Third victory for Anti-Extradition Campaign
CHANTS of ``We want Owen'' thundered around the usually sober confines of Dublin's Four Courts on Friday 6 April, as word spread through the crowd of anti-extradition protestors outside that the release of Owen Carron had been ordered. Minutes later, the former Fermanagh/South Tyrone MP emerged from the imposing columns at the front of the building and into the midday sunshine - a free man. He was immediately thronged by crowds of demonstrators, well wishers, relatives, former constituents and the press and was carried by a sea of bodies onto the street.

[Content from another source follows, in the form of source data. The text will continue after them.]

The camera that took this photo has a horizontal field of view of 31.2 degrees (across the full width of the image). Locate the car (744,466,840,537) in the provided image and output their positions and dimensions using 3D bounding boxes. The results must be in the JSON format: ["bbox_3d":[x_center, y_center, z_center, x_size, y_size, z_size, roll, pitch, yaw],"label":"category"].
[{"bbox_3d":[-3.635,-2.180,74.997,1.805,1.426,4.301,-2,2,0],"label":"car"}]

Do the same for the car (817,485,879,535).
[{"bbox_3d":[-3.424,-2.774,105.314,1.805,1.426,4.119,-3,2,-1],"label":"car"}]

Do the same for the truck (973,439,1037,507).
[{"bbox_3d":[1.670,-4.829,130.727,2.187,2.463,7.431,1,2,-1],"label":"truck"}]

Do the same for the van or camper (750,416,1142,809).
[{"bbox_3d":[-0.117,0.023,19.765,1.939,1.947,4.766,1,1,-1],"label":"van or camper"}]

The decision by the Supreme Court to release him came, ironically, on the same day that the Six-County Direct Ruler was meeting 26-County Foreign Minister Gerry Collins at Iveagh House and also on the same weekend as the Fianna Fáil Ard Fheis, where a motion called for an end to political extradition to Britain and the North.

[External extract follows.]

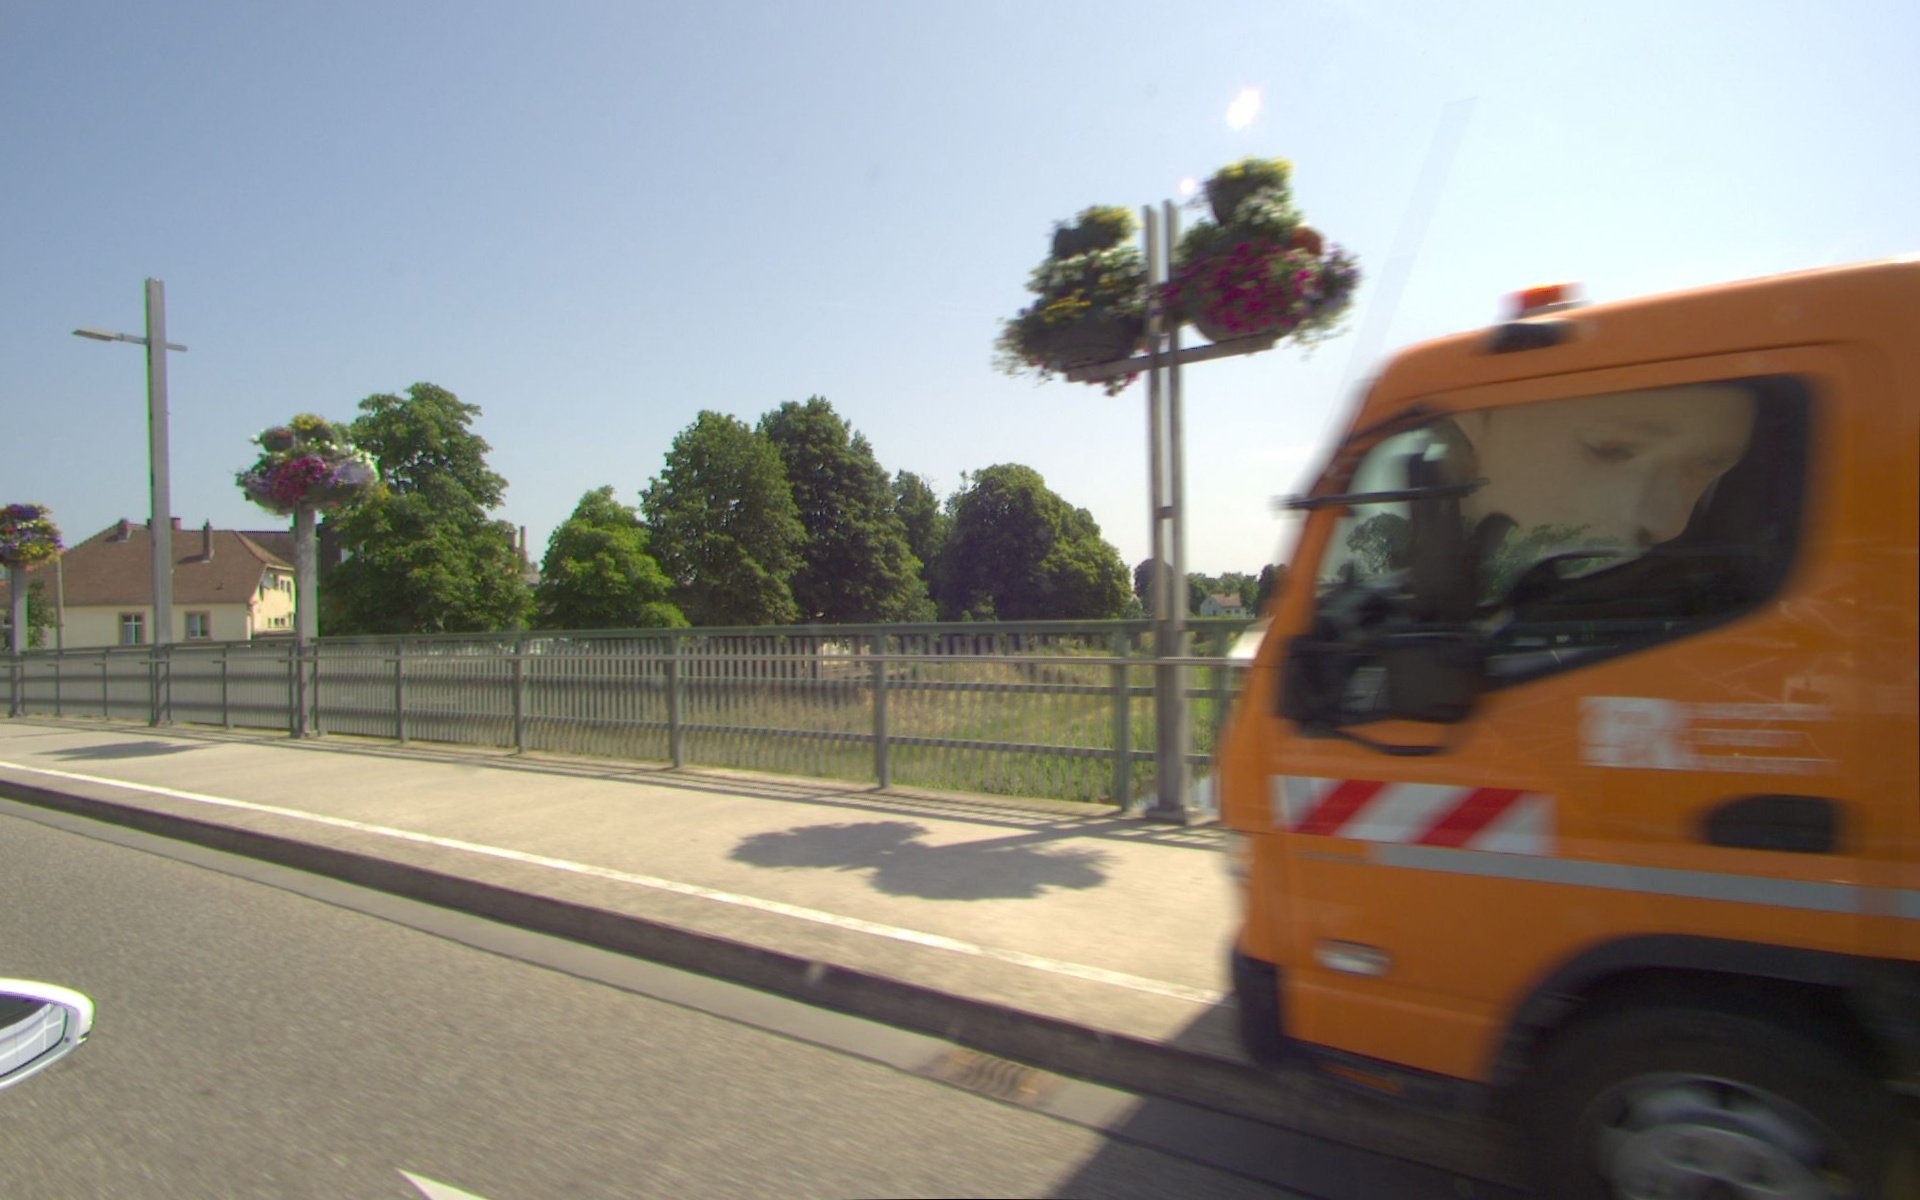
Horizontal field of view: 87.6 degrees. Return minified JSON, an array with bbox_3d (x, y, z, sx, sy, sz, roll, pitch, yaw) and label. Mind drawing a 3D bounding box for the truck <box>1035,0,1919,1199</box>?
[{"bbox_3d":[3.306,0.094,1.721,5.743,2.728,2.597,-1,3,34],"label":"truck"}]

The court's five judges ruled that the allegations against the man who had been election agent for Bobby Sands in 1981 were connected to political offences committed by another Fermanagh man.
Carron was arrested by the RUC at Letterbree, County Fermanagh in December 1985 after he had given a lift to James Maguire, who was later concvicted of possessing a rifle and ammunition while a passenger in the car. Maguire told the court in an affidavit that these were for the purpose of forcing British forces to leave the Six Counties.